== Exercise description ==
All lines in the entries below that hold "single" make up the answer.

== Data shown ==

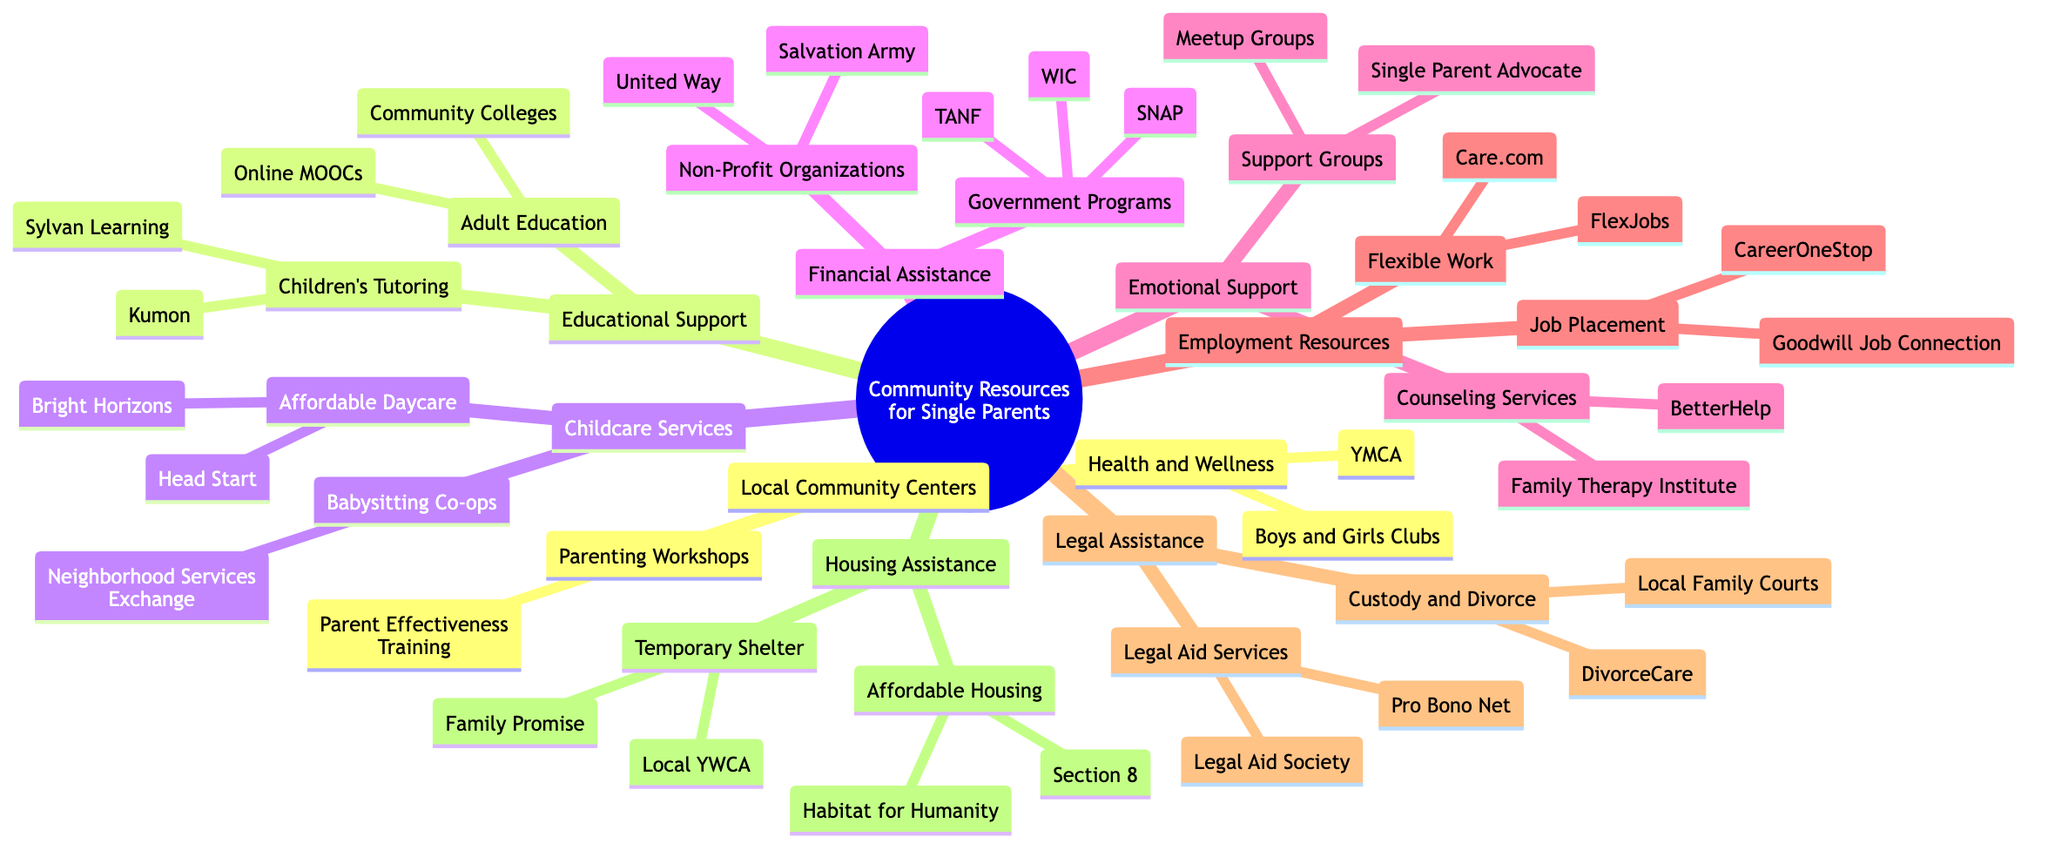What are two organizations included in the government programs for financial assistance? The diagram lists WIC and SNAP under the government programs node within financial assistance.
Answer: WIC, SNAP Which community center offers parenting workshops? The diagram specifies that Parent Effectiveness Training is categorized under parenting workshops, which is a part of local community centers.
Answer: Parent Effectiveness Training How many types of emotional support resources are listed in the diagram? The diagram shows two types of emotional support resources: counseling services and support groups.
Answer: 2 What are the names of two job placement programs mentioned in the employment resources? The job placement programs listed in the diagram are Goodwill Job Connection and CareerOneStop, found under employment resources.
Answer: Goodwill Job Connection, CareerOneStop Which service is associated with affordable housing? The diagram indicates that Section 8 is one of the services associated with affordable housing under housing assistance.
Answer: Section 8 What type of services does BetterHelp provide? BetterHelp is categorized under counseling services within the emotional support section of the diagram.
Answer: Counseling services How do childcare services help single parents according to the diagram? The diagram explains that childcare services provide affordable daycare options and babysitting co-ops, which help single parents manage childcare needs.
Answer: Affordable daycare, Babysitting co-ops What two types of educational support are provided to single parents? The diagram lists adult education classes and children's tutoring services as the two types of educational support provided.
Answer: Adult education classes, Children's tutoring services Which organization is a temporary shelter service? Family Promise is identified as a temporary shelter service under the housing assistance section of the diagram.
Answer: Family Promise

== Response ==
Answer: Counseling services How do childcare services help single parents according to the diagram? The diagram explains that childcare services provide affordable daycare options and babysitting co-ops, which help single parents manage childcare needs.
Answer: Affordable daycare, Babysitting co-ops What two types of educational support are provided to single parents? The diagram lists adult education classes and children's tutoring services as the two types of educational support provided.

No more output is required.